═══ Supplied information ═══
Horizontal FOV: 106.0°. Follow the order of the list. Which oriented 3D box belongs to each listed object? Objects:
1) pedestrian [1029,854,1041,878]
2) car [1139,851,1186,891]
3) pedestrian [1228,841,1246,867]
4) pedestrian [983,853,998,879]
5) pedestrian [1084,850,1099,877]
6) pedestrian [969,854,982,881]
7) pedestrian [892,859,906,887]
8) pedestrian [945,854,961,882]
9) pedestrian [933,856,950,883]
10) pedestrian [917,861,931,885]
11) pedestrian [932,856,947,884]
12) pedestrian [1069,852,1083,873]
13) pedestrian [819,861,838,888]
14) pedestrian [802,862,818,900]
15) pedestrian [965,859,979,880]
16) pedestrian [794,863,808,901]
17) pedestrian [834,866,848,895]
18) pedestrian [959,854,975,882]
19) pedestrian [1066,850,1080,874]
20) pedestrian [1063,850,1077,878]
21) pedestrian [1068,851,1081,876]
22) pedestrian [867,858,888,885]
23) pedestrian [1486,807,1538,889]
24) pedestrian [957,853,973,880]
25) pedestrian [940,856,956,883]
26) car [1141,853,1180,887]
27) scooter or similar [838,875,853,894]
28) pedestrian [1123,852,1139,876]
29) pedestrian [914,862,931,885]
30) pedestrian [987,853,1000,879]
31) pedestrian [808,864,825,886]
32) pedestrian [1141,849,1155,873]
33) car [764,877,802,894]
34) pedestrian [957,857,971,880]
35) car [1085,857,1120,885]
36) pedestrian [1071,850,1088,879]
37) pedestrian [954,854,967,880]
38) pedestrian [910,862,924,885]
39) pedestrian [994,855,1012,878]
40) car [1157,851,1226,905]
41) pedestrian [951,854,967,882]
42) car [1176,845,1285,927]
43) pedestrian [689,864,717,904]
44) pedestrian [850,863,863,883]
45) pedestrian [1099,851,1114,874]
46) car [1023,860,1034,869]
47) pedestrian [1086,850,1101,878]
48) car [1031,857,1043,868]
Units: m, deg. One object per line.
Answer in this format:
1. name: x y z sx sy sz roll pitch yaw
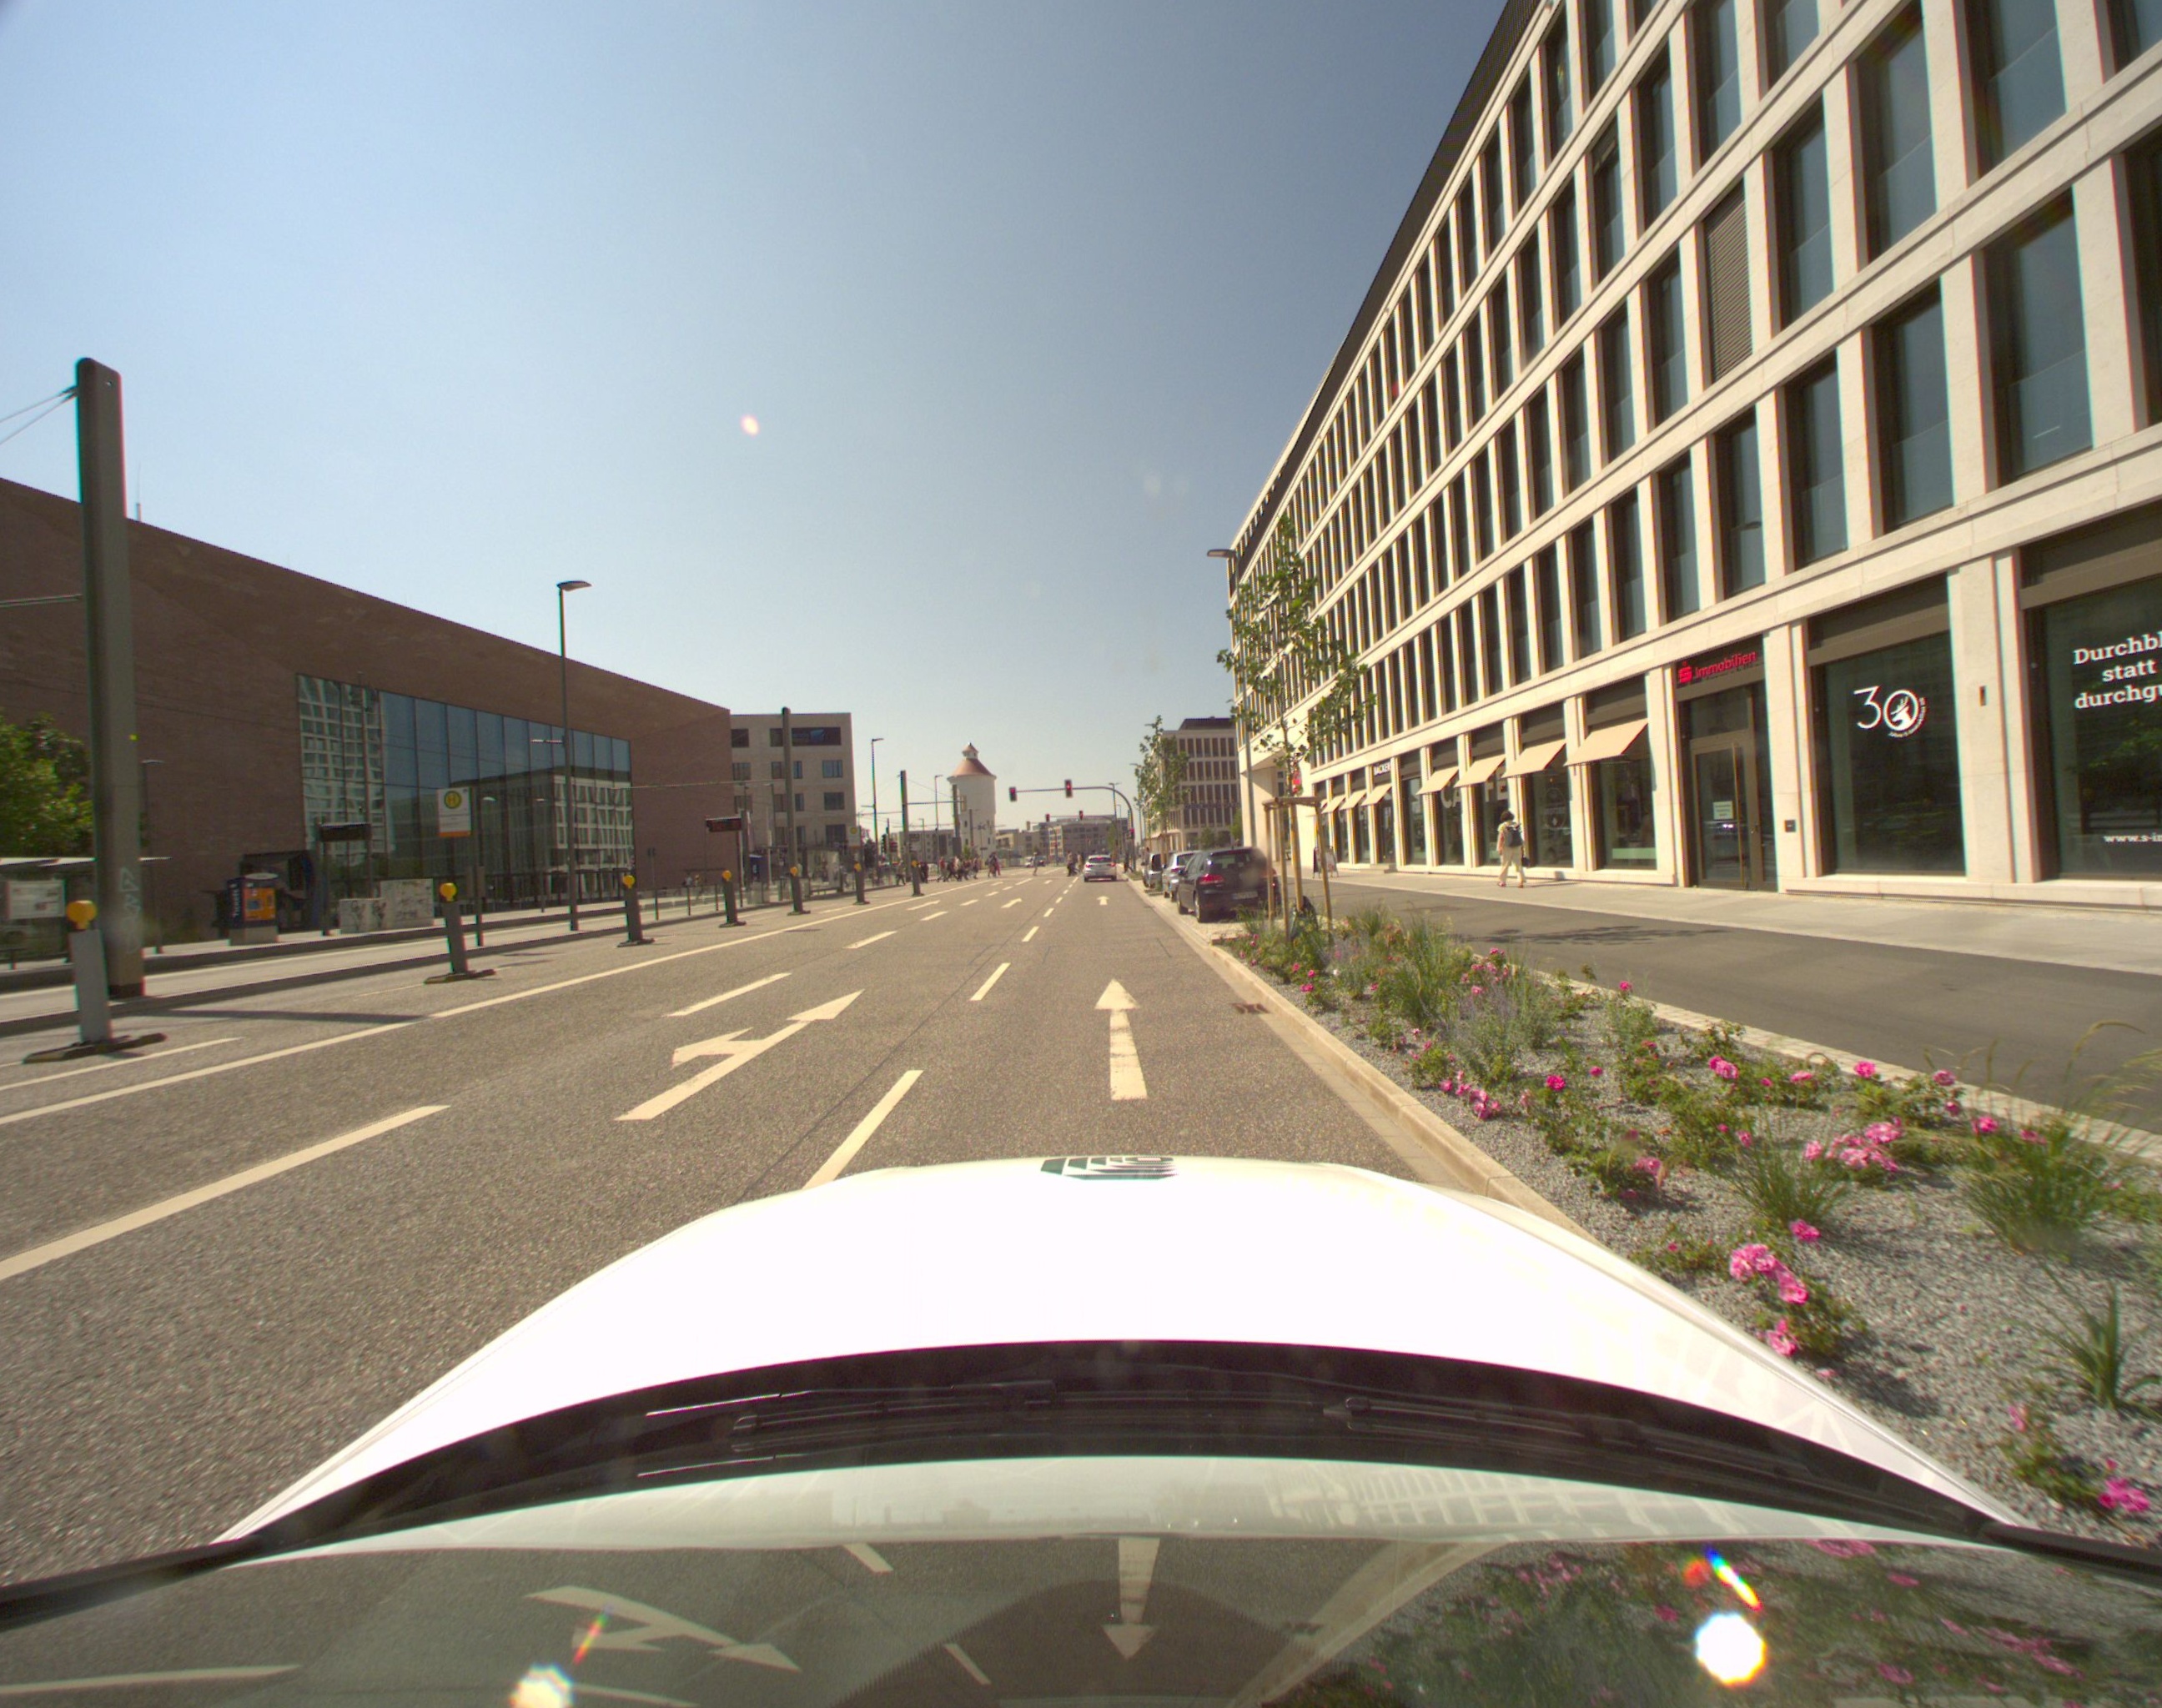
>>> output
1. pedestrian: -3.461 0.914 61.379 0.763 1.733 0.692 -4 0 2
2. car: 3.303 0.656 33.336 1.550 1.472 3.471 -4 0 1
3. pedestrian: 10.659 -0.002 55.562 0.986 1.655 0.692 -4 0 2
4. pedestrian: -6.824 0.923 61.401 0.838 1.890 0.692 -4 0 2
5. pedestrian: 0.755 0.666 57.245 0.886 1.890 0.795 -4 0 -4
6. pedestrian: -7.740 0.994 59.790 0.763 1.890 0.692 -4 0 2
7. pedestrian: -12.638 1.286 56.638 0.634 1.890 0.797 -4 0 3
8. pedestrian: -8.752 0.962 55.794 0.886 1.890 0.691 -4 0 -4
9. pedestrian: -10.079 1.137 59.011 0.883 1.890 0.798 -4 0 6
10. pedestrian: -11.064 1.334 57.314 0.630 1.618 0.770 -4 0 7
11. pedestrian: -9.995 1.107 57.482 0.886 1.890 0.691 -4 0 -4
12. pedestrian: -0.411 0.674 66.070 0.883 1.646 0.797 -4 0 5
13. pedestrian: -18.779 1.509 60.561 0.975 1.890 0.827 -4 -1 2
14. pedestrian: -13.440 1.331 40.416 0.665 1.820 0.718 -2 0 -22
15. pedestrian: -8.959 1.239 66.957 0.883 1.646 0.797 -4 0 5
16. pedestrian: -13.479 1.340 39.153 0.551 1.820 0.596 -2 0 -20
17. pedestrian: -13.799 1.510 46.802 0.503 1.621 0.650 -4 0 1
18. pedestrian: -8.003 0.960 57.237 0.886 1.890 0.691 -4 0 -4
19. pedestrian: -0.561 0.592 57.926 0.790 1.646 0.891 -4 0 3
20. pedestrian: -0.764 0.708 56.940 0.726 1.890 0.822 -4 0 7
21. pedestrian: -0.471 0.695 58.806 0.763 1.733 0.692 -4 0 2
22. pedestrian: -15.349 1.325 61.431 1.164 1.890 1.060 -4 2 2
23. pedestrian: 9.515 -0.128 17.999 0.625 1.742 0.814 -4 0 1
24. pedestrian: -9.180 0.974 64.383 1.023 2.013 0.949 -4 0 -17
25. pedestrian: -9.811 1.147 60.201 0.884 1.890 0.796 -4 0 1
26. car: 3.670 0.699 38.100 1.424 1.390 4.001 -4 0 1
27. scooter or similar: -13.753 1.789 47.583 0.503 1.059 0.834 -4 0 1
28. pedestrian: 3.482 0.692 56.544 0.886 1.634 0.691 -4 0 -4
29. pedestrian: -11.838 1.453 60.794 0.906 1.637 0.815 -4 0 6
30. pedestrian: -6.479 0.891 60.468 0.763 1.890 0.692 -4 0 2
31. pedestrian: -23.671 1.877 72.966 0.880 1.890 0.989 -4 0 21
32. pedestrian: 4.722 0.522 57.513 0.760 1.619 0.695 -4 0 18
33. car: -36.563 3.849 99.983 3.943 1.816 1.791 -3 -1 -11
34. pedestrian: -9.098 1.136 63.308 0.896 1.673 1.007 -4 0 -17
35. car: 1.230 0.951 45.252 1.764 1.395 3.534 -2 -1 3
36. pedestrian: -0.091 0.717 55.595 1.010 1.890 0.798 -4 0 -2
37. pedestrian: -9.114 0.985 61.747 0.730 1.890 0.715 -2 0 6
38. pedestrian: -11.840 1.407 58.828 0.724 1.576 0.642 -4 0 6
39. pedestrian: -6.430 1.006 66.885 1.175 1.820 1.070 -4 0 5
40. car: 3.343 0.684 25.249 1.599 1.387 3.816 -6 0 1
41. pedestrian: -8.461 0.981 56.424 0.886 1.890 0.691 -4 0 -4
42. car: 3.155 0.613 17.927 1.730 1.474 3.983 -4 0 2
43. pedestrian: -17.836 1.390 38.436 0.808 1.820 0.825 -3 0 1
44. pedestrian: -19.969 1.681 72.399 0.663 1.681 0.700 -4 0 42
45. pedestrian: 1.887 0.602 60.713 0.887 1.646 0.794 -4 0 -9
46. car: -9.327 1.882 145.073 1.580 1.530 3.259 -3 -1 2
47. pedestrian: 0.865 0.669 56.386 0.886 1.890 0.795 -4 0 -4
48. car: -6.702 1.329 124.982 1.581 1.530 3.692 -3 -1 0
═══
Exercise description: Gather all lines from the listing above in which "object" occurs.

Exercise response:
Horizontal FOV: 106.0°. Follow the order of the list. Which oriented 3D box belongs to each listed object? Objects:
Units: m, deg. One object per line.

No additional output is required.